WHAT THE TASK REQUIRES:
Omit the images and return the remaining entries unchanged.

[Items from a data source]
□ □ □

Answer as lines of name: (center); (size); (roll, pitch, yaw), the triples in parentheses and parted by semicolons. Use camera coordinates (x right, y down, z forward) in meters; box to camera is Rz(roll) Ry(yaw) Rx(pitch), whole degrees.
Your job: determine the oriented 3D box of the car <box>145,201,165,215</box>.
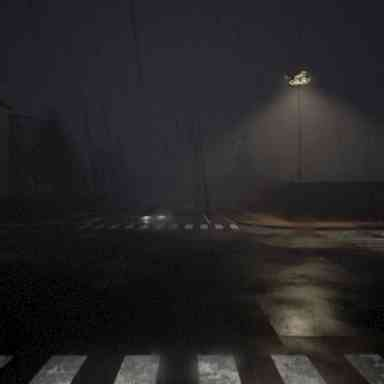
car: (-4.128, 1.776, 37.659); (1.882, 1.535, 5.008); (0, 0, 0)
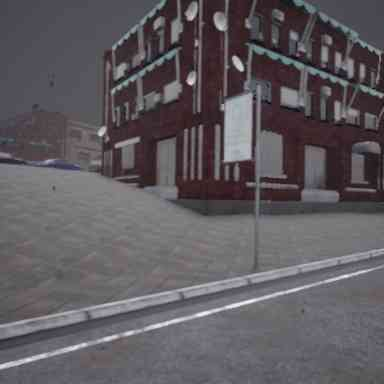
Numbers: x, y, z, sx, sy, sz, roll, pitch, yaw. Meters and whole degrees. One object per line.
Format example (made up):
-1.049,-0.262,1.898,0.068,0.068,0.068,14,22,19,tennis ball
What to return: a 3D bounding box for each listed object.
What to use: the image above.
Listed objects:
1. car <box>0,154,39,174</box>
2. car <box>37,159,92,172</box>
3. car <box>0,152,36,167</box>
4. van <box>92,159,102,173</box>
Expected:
-17.447,-2.654,31.720,1.837,1.490,4.892,1,-2,40,car
-12.746,-2.463,32.740,2.002,1.452,4.674,0,-2,40,car
-16.306,-2.689,28.498,2.002,1.452,4.674,0,-2,41,car
-9.160,-2.476,37.142,1.878,1.987,4.442,0,-2,39,van
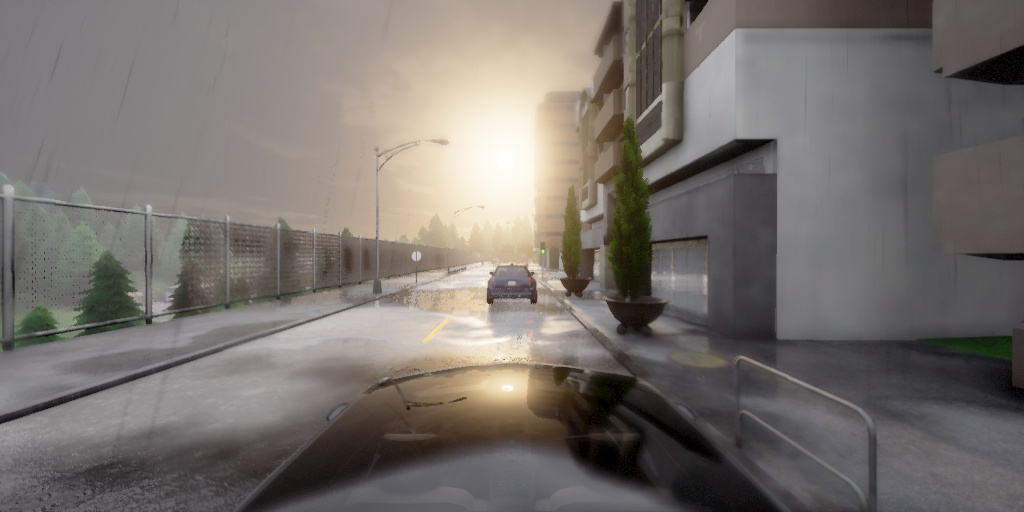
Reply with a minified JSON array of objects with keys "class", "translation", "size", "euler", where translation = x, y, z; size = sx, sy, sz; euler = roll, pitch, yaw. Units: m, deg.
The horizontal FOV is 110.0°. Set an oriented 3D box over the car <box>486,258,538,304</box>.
[{"class":"car","translation":[0.000,1.113,16.470],"size":[2.097,1.767,4.553],"euler":[0,0,0]}]
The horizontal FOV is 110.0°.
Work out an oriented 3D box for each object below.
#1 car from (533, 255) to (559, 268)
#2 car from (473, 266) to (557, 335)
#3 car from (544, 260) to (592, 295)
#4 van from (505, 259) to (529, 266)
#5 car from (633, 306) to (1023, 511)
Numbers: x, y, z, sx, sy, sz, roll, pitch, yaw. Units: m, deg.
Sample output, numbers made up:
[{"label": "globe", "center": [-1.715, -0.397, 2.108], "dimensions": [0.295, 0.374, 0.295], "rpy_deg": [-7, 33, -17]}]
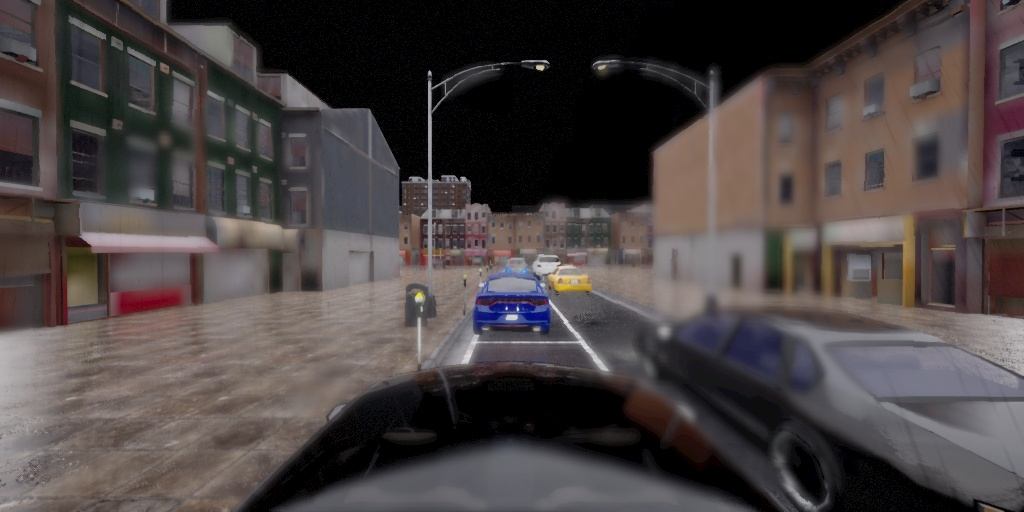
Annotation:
[{"label": "car", "center": [3.115, 0.977, 32.110], "dimensions": [2.150, 2.045, 5.566], "rpy_deg": [0, 0, 0]}, {"label": "car", "center": [0.006, 1.227, 10.501], "dimensions": [1.882, 1.535, 5.008], "rpy_deg": [0, 0, 0]}, {"label": "car", "center": [3.021, 1.206, 19.596], "dimensions": [1.801, 1.575, 5.366], "rpy_deg": [0, 0, 0]}, {"label": "van", "center": [0.382, 1.095, 27.349], "dimensions": [1.690, 1.789, 3.998], "rpy_deg": [0, 0, 0]}, {"label": "car", "center": [3.118, 1.297, 4.108], "dimensions": [2.033, 1.411, 5.357], "rpy_deg": [0, 0, 0]}]
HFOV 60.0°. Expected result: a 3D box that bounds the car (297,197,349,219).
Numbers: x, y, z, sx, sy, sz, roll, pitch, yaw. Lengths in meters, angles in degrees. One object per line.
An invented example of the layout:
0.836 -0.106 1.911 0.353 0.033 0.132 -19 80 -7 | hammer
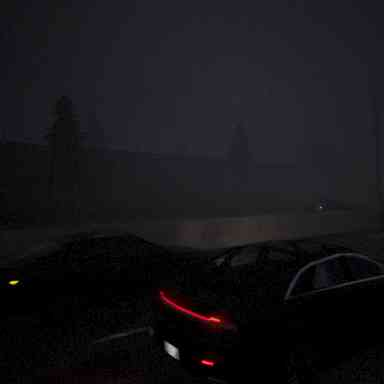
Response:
11.666 1.366 29.508 4.553 1.767 2.097 0 0 -35 | car

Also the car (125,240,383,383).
1.751 1.494 5.003 4.902 1.511 2.128 0 0 -35 | car

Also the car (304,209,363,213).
11.061 1.559 24.780 5.357 1.411 2.033 0 0 -35 | car

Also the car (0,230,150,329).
-1.587 1.527 6.922 4.674 1.442 1.812 0 0 -35 | car
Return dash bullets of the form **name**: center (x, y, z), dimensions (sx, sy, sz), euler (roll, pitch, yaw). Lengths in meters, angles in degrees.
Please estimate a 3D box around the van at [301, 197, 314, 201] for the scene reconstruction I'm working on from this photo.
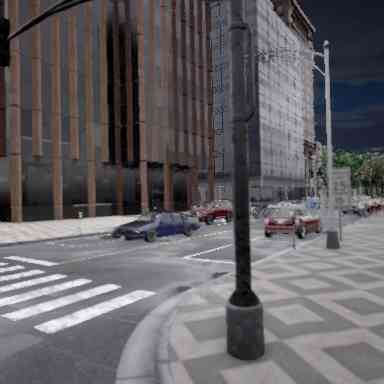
- **van**: center (17.339, 1.641, 48.639), dimensions (1.690, 1.788, 3.998), euler (-2, -1, 36)

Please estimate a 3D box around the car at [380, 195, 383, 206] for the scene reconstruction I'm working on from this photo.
- **car**: center (33.764, 1.388, 56.940), dimensions (2.192, 1.841, 5.009), euler (-2, -1, 36)

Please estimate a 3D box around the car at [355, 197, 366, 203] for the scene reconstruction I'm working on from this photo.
- **car**: center (42.572, 1.904, 83.864), dimensions (1.752, 1.417, 4.829), euler (-2, -1, 36)

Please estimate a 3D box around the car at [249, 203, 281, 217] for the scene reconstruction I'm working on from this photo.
- **car**: center (7.846, 1.856, 35.371), dimensions (1.802, 1.307, 4.206), euler (-2, -1, 36)

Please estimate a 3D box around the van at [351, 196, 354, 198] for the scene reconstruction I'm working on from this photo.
- **van**: center (33.168, 1.688, 70.743), dimensions (1.690, 1.788, 3.998), euler (-2, -1, 36)

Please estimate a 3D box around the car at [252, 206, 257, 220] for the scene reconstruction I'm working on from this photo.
- **car**: center (7.180, 1.713, 29.845), dimensions (1.812, 1.442, 4.674), euler (-2, -1, 35)

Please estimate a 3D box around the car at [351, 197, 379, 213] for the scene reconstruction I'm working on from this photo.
- **car**: center (17.940, 1.573, 34.832), dimensions (1.887, 1.381, 4.507), euler (-2, -1, 36)

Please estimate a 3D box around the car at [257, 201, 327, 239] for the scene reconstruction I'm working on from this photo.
- **car**: center (5.274, 1.438, 17.150), dimensions (1.967, 1.590, 4.097), euler (-2, -1, 36)

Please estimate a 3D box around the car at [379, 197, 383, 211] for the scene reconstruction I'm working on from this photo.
- **car**: center (21.106, 1.582, 39.253), dimensions (1.887, 1.381, 4.507), euler (-2, -1, 36)

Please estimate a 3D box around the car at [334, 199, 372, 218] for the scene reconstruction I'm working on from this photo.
- **car**: center (14.774, 1.571, 30.410), dimensions (2.008, 1.369, 4.403), euler (-2, -1, 36)

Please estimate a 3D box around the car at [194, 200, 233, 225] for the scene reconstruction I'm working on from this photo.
- **car**: center (1.508, 1.574, 26.535), dimensions (2.192, 1.841, 5.009), euler (-2, -1, 36)

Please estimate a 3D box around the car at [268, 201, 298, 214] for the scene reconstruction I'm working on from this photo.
- **car**: center (10.912, 1.808, 39.655), dimensions (1.752, 1.417, 4.829), euler (-2, -1, 36)

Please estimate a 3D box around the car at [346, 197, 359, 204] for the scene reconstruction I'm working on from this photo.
- **car**: center (36.240, 1.882, 75.022), dimensions (1.752, 1.417, 4.829), euler (-2, -1, 36)

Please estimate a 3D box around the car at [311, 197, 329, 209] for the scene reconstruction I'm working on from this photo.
- **car**: center (18.400, 1.729, 45.368), dimensions (2.128, 1.511, 4.902), euler (-2, -1, 36)

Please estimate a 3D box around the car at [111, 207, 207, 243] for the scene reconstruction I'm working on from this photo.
- **car**: center (-1.663, 1.715, 17.522), dimensions (2.033, 1.411, 5.357), euler (-2, -1, 36)

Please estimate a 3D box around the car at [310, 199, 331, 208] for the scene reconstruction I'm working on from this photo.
- **car**: center (20.510, 1.859, 53.055), dimensions (2.008, 1.369, 4.403), euler (-2, -1, 36)

□ □ □

FINISHED TASK:
Answer as lines of name: (center); (size); (roll, pitch, yaw), the triples in parentheses and parted by semicolons. Use camera coordinates (x right, y down, z forward) in meters; box to camera is Rz(roll) Ry(yaw) Rx(pitch), whole degrees.
Your job: determine the oriented 3D box of the car <box>145,201,165,215</box>.
car: (-4.128, 1.776, 37.659); (1.882, 1.535, 5.008); (0, 0, 0)
Numbers: x, y, z, sx, sy, sz, roll, pitch, yaw. Meters and whole degrees. One object per line.
Format example (made up):
-1.049,-0.262,1.898,0.068,0.068,0.068,14,22,19,tennis ball
What to return: a 3D bounding box for each listed object.
What to use: the image above.
Listed objects:
1. car <box>0,154,39,174</box>
2. car <box>37,159,92,172</box>
3. car <box>0,152,36,167</box>
4. van <box>92,159,102,173</box>
Expected:
-17.447,-2.654,31.720,1.837,1.490,4.892,1,-2,40,car
-12.746,-2.463,32.740,2.002,1.452,4.674,0,-2,40,car
-16.306,-2.689,28.498,2.002,1.452,4.674,0,-2,41,car
-9.160,-2.476,37.142,1.878,1.987,4.442,0,-2,39,van
Reply with a minified JSON array of objects with keys "class", "translation", "size", "euler", where translation = x, y, z; size = sx, sy, sz; euler = roll, pitch, yaw. Units: m, deg.
The horizontal FOV is 110.0°. Set an oriented 3D box over the car <box>486,258,538,304</box>.
[{"class":"car","translation":[0.000,1.113,16.470],"size":[2.097,1.767,4.553],"euler":[0,0,0]}]
The horizontal FOV is 110.0°.
Work out an oriented 3D box for each object below.
#1 car from (533, 255) to (559, 268)
#2 car from (473, 266) to (557, 335)
#3 car from (544, 260) to (592, 295)
#4 van from (505, 259) to (529, 266)
#5 car from (633, 306) to (1023, 511)
Numbers: x, y, z, sx, sy, sz, roll, pitch, yaw. Units: m, deg.
Sample output, numbers made up:
[{"label": "globe", "center": [-1.715, -0.397, 2.108], "dimensions": [0.295, 0.374, 0.295], "rpy_deg": [-7, 33, -17]}]
Annotation:
[{"label": "car", "center": [3.115, 0.977, 32.110], "dimensions": [2.150, 2.045, 5.566], "rpy_deg": [0, 0, 0]}, {"label": "car", "center": [0.006, 1.227, 10.501], "dimensions": [1.882, 1.535, 5.008], "rpy_deg": [0, 0, 0]}, {"label": "car", "center": [3.021, 1.206, 19.596], "dimensions": [1.801, 1.575, 5.366], "rpy_deg": [0, 0, 0]}, {"label": "van", "center": [0.382, 1.095, 27.349], "dimensions": [1.690, 1.789, 3.998], "rpy_deg": [0, 0, 0]}, {"label": "car", "center": [3.118, 1.297, 4.108], "dimensions": [2.033, 1.411, 5.357], "rpy_deg": [0, 0, 0]}]
HFOV 60.0°. Expected result: a 3D box that bounds the car (297,197,349,219).
Numbers: x, y, z, sx, sy, sz, roll, pitch, yaw. Lengths in meters, angles in degrees. One object per line.
An invented example of the layout:
0.836 -0.106 1.911 0.353 0.033 0.132 -19 80 -7 | hammer
Response:
11.666 1.366 29.508 4.553 1.767 2.097 0 0 -35 | car

Also the car (125,240,383,383).
1.751 1.494 5.003 4.902 1.511 2.128 0 0 -35 | car

Also the car (304,209,363,213).
11.061 1.559 24.780 5.357 1.411 2.033 0 0 -35 | car

Also the car (0,230,150,329).
-1.587 1.527 6.922 4.674 1.442 1.812 0 0 -35 | car
Return dash bullets of the form **name**: center (x, y, z), dimensions (sx, sy, sz), euler (roll, pitch, yaw). Lengths in meters, angles in degrees.
Please estimate a 3D box around the van at [301, 197, 314, 201] for the scene reconstruction I'm working on from this photo.
- **van**: center (17.339, 1.641, 48.639), dimensions (1.690, 1.788, 3.998), euler (-2, -1, 36)

Please estimate a 3D box around the car at [380, 195, 383, 206] for the scene reconstruction I'm working on from this photo.
- **car**: center (33.764, 1.388, 56.940), dimensions (2.192, 1.841, 5.009), euler (-2, -1, 36)

Please estimate a 3D box around the car at [355, 197, 366, 203] for the scene reconstruction I'm working on from this photo.
- **car**: center (42.572, 1.904, 83.864), dimensions (1.752, 1.417, 4.829), euler (-2, -1, 36)

Please estimate a 3D box around the car at [249, 203, 281, 217] for the scene reconstruction I'm working on from this photo.
- **car**: center (7.846, 1.856, 35.371), dimensions (1.802, 1.307, 4.206), euler (-2, -1, 36)

Please estimate a 3D box around the van at [351, 196, 354, 198] for the scene reconstruction I'm working on from this photo.
- **van**: center (33.168, 1.688, 70.743), dimensions (1.690, 1.788, 3.998), euler (-2, -1, 36)

Please estimate a 3D box around the car at [252, 206, 257, 220] for the scene reconstruction I'm working on from this photo.
- **car**: center (7.180, 1.713, 29.845), dimensions (1.812, 1.442, 4.674), euler (-2, -1, 35)

Please estimate a 3D box around the car at [351, 197, 379, 213] for the scene reconstruction I'm working on from this photo.
- **car**: center (17.940, 1.573, 34.832), dimensions (1.887, 1.381, 4.507), euler (-2, -1, 36)

Please estimate a 3D box around the car at [257, 201, 327, 239] for the scene reconstruction I'm working on from this photo.
- **car**: center (5.274, 1.438, 17.150), dimensions (1.967, 1.590, 4.097), euler (-2, -1, 36)

Please estimate a 3D box around the car at [379, 197, 383, 211] for the scene reconstruction I'm working on from this photo.
- **car**: center (21.106, 1.582, 39.253), dimensions (1.887, 1.381, 4.507), euler (-2, -1, 36)

Please estimate a 3D box around the car at [334, 199, 372, 218] for the scene reconstruction I'm working on from this photo.
- **car**: center (14.774, 1.571, 30.410), dimensions (2.008, 1.369, 4.403), euler (-2, -1, 36)

Please estimate a 3D box around the car at [194, 200, 233, 225] for the scene reconstruction I'm working on from this photo.
- **car**: center (1.508, 1.574, 26.535), dimensions (2.192, 1.841, 5.009), euler (-2, -1, 36)

Please estimate a 3D box around the car at [268, 201, 298, 214] for the scene reconstruction I'm working on from this photo.
- **car**: center (10.912, 1.808, 39.655), dimensions (1.752, 1.417, 4.829), euler (-2, -1, 36)

Please estimate a 3D box around the car at [346, 197, 359, 204] for the scene reconstruction I'm working on from this photo.
- **car**: center (36.240, 1.882, 75.022), dimensions (1.752, 1.417, 4.829), euler (-2, -1, 36)

Please estimate a 3D box around the car at [311, 197, 329, 209] for the scene reconstruction I'm working on from this photo.
- **car**: center (18.400, 1.729, 45.368), dimensions (2.128, 1.511, 4.902), euler (-2, -1, 36)

Please estimate a 3D box around the car at [111, 207, 207, 243] for the scene reconstruction I'm working on from this photo.
- **car**: center (-1.663, 1.715, 17.522), dimensions (2.033, 1.411, 5.357), euler (-2, -1, 36)

Please estimate a 3D box around the car at [310, 199, 331, 208] for the scene reconstruction I'm working on from this photo.
- **car**: center (20.510, 1.859, 53.055), dimensions (2.008, 1.369, 4.403), euler (-2, -1, 36)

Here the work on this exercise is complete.